◆ **WHAT YOU WILL DO**
Please find how many lines of the data contain the string "drawing", and respond with that number only.

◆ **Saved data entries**
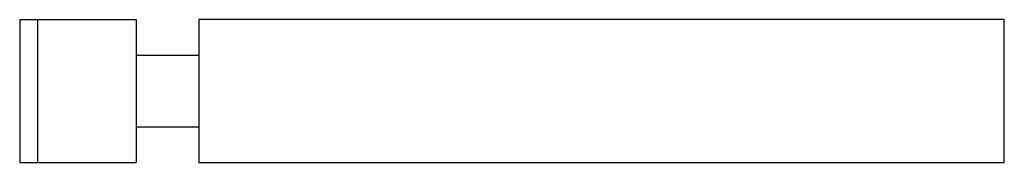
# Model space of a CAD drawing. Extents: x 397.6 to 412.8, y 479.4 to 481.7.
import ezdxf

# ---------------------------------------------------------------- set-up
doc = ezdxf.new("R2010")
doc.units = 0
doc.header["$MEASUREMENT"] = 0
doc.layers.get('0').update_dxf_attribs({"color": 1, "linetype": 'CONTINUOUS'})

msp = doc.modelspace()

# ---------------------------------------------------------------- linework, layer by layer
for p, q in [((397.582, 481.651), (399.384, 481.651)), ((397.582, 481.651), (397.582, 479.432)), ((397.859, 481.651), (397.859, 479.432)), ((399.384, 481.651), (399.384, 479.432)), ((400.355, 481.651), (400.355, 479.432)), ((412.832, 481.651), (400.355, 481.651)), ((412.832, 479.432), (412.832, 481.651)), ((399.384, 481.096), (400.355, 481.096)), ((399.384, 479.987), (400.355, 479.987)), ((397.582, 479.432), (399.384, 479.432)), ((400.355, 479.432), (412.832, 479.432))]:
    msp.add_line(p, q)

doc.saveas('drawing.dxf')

◆ **OUTPUT FOR THIS EXERCISE**
2